Exercise prompt:
Copy out the entries below precisely; nothing is to be omitted.

Dataset records:
:::

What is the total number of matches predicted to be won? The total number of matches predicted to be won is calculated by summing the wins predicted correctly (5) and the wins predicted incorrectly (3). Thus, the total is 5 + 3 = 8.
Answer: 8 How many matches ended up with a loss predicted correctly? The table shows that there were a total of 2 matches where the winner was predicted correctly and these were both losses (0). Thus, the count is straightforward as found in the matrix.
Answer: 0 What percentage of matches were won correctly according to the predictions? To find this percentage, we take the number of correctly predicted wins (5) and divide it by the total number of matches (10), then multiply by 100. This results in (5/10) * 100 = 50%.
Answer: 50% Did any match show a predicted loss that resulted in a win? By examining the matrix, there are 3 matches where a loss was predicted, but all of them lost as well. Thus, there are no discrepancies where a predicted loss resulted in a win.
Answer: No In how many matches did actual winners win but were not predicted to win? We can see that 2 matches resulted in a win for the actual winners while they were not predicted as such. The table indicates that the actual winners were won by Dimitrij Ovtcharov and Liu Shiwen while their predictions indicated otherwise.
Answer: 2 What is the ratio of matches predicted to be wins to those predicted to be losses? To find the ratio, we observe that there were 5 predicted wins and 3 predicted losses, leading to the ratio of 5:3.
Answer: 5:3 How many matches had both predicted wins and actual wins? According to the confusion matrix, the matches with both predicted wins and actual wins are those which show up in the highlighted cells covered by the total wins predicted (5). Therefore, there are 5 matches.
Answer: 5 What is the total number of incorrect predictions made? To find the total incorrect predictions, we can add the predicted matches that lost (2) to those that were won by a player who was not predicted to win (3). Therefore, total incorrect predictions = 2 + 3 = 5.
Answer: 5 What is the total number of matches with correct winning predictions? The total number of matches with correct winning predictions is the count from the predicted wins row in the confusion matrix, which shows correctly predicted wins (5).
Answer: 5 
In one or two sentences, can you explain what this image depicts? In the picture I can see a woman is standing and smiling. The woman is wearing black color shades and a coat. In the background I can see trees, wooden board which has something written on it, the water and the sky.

:::

Reply to the task:
What is the total number of matches predicted to be won? The total number of matches predicted to be won is calculated by summing the wins predicted correctly (5) and the wins predicted incorrectly (3). Thus, the total is 5 + 3 = 8.
Answer: 8 How many matches ended up with a loss predicted correctly? The table shows that there were a total of 2 matches where the winner was predicted correctly and these were both losses (0). Thus, the count is straightforward as found in the matrix.
Answer: 0 What percentage of matches were won correctly according to the predictions? To find this percentage, we take the number of correctly predicted wins (5) and divide it by the total number of matches (10), then multiply by 100. This results in (5/10) * 100 = 50%.
Answer: 50% Did any match show a predicted loss that resulted in a win? By examining the matrix, there are 3 matches where a loss was predicted, but all of them lost as well. Thus, there are no discrepancies where a predicted loss resulted in a win.
Answer: No In how many matches did actual winners win but were not predicted to win? We can see that 2 matches resulted in a win for the actual winners while they were not predicted as such. The table indicates that the actual winners were won by Dimitrij Ovtcharov and Liu Shiwen while their predictions indicated otherwise.
Answer: 2 What is the ratio of matches predicted to be wins to those predicted to be losses? To find the ratio, we observe that there were 5 predicted wins and 3 predicted losses, leading to the ratio of 5:3.
Answer: 5:3 How many matches had both predicted wins and actual wins? According to the confusion matrix, the matches with both predicted wins and actual wins are those which show up in the highlighted cells covered by the total wins predicted (5). Therefore, there are 5 matches.
Answer: 5 What is the total number of incorrect predictions made? To find the total incorrect predictions, we can add the predicted matches that lost (2) to those that were won by a player who was not predicted to win (3). Therefore, total incorrect predictions = 2 + 3 = 5.
Answer: 5 What is the total number of matches with correct winning predictions? The total number of matches with correct winning predictions is the count from the predicted wins row in the confusion matrix, which shows correctly predicted wins (5).
Answer: 5 
In one or two sentences, can you explain what this image depicts? In the picture I can see a woman is standing and smiling. The woman is wearing black color shades and a coat. In the background I can see trees, wooden board which has something written on it, the water and the sky.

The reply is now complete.